It's been awhile - almost a whole summer - since I've posted. How could I take a step back when there is such a bounty of deliciousness to highlight in recipes. But yeah, I took most of the summer off. This doesn't mean I wasn't cooking and eating. And eating. And cooking. And eating more. 

I woke up today with the realization that summer is singing its swan song. Hate to be a downer but ain't it the truth? We only have weeks left to enjoy juicy plums and peaches, mouth-watering tomatoes, sweet corn, and I could go on and on.

So before I take the next few weeks off (I will be grieving my only son having left for college), why not a nod to the tomato, tomahto? 

If you go to the archive (click on it above), you'll find lots of tomato-y recipes. One of my favorites: Italian Gratin with Tomato and Zucchini. This gem is archived under the date August 25, 2016 and carries the title A Cry for Tomato Help (And The Italian Gratin Answer). Let's face it, as we think about back-to-school, it's the tomato and the zucchini that would become the fast friends at carpool. Perfectly matched.

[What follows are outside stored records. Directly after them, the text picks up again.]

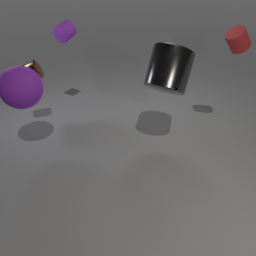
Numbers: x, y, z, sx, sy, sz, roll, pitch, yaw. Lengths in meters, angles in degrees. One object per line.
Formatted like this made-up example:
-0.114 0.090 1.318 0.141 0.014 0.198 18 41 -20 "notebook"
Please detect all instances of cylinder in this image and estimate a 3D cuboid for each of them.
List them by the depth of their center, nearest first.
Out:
1.361 -1.925 9.267 1.400 1.400 1.400 15 4 -1 "cylinder"
3.780 -3.034 9.628 0.700 0.700 0.700 -24 42 24 "cylinder"
-3.628 -2.077 10.484 0.700 0.700 0.700 -27 33 4 "cylinder"
-2.577 -3.926 11.407 0.700 0.700 0.700 20 56 30 "cylinder"

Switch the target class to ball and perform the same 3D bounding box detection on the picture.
-3.485 -1.313 9.111 1.400 1.400 1.400 0 31 0 "ball"
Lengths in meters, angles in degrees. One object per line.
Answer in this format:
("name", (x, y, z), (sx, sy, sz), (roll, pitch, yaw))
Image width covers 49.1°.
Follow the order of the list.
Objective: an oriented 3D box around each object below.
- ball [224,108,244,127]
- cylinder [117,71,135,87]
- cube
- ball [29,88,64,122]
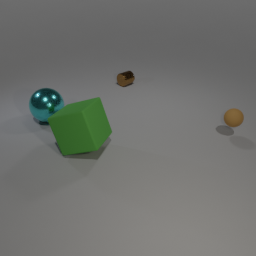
("ball", (3.903, -0.376, 10.346), (0.700, 0.700, 0.700), (0, 32, 0))
("cylinder", (-0.123, -2.626, 14.864), (0.700, 0.700, 0.700), (-27, 40, -37))
("cube", (-1.585, -0.067, 9.545), (1.400, 1.400, 1.400), (-10, 21, 23))
("ball", (-3.306, -0.934, 11.417), (1.400, 1.400, 1.400), (0, 32, 0))
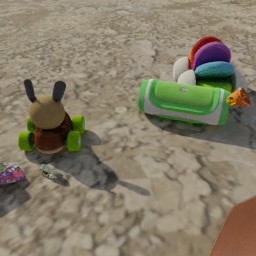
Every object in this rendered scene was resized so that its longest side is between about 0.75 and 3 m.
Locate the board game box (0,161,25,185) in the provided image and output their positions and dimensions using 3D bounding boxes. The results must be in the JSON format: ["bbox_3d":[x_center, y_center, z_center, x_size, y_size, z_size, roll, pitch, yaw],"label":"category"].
[{"bbox_3d":[-3.348,1.179,7.139,1.202,0.194,0.721,-5,36,-42],"label":"board game box"}]

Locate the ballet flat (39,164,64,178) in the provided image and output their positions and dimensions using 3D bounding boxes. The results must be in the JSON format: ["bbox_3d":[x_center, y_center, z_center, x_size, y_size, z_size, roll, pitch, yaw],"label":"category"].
[{"bbox_3d":[-2.041,1.204,7.418,0.780,0.263,0.248,21,69,27],"label":"ballet flat"}]

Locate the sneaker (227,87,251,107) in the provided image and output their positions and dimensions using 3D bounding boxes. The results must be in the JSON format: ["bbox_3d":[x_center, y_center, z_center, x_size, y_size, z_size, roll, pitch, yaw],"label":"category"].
[{"bbox_3d":[2.489,-0.634,6.351,0.471,0.446,1.221,-23,-6,22],"label":"sneaker"}]

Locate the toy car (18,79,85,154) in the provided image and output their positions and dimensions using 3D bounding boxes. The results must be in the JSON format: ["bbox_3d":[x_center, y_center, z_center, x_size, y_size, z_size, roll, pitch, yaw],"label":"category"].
[{"bbox_3d":[-2.264,-0.476,8.061,1.723,2.098,1.655,0,37,0],"label":"toy car"}]

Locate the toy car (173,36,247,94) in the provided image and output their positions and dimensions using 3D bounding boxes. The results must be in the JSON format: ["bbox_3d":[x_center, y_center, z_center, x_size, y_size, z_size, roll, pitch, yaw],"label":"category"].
[{"bbox_3d":[3.059,-2.269,10.485,2.445,2.095,2.794,1,37,0],"label":"toy car"}]

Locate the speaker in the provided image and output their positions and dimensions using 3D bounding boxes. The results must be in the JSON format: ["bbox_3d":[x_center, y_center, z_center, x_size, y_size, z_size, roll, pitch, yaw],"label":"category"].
[{"bbox_3d":[1.840,-0.888,9.362,2.866,1.268,1.268,11,38,14],"label":"speaker"}]

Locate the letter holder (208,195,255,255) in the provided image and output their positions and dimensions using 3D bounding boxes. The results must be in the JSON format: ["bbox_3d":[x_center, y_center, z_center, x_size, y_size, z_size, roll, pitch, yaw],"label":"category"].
[{"bbox_3d":[2.465,2.478,4.972,1.315,1.858,2.614,44,49,3],"label":"letter holder"}]
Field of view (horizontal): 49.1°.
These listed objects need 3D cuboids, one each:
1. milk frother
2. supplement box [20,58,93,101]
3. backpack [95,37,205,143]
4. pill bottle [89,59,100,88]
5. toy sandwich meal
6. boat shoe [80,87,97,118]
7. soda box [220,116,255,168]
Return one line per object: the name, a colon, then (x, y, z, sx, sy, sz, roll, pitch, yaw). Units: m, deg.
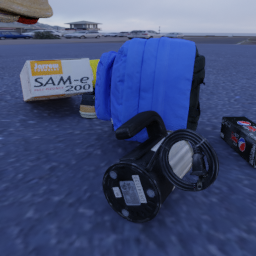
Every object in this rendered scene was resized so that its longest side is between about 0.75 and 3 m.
milk frother: (0.647, 0.493, 4.102, 1.551, 1.400, 1.459, 9, 22, 29)
supplement box: (-2.457, -1.503, 9.184, 1.805, 1.053, 2.864, -9, 6, -23)
backpack: (0.447, -0.743, 6.098, 2.355, 2.281, 2.807, 1, 13, 5)
pill bottle: (-1.276, -2.243, 11.818, 2.239, 1.259, 1.259, -15, 25, -34)
toy sandwich meal: (-1.955, -1.549, 3.077, 2.273, 0.778, 2.273, 24, 23, -11)
boat shoe: (-0.779, -0.993, 9.156, 0.910, 0.759, 2.439, 6, 20, 22)
soda box: (2.610, 0.241, 6.061, 0.597, 0.534, 1.688, 0, 20, -5)

The lead to the recipe is a story about (human) friendship of the girlfriend kind. Where would we be without our sister friends?

Enjoy! See you in September. 

MARCELLA MONDAY: TOMATOES STUFFED WITH TUNA, CAPERS, AND OLIVES

Ciao'd with a glass of iced elderflower tea.

Juicy, fresh, and full of flavor, tuna-stuffed tomatoes make a lovely first course for a summer dinner or a light lunch anytime. This recipe, based loosely on one by Marcella Hazan, combines albacore tuna with briny capers, salty black Kalamata olives, and a spike of spicy mustard in a sun-ripened whole tomato. 

Serves 6

6 large, ripe, round tomatoes
Salt
3 cans (5 ounces) tuna, packed in olive oil
1/3 cup homemade or best-quality prepared mayonnaise (or more to taste)
2 teaspoons spicy mustard such as Dijon
2 tablespoons fresh lemon juice
2 tablespoons capers
2 tablespoons coarsely chopped black olives such as Kalamata
2 tablespoons chopped fresh parsley plus more for garnish
Freshly ground black pepper

Slice off the tops of the tomatoes. Scoop out pulp and seeds, leaving a 1/2-inch shell. Salt lightly and invert the tomatoes on a platter so their liquid drains. 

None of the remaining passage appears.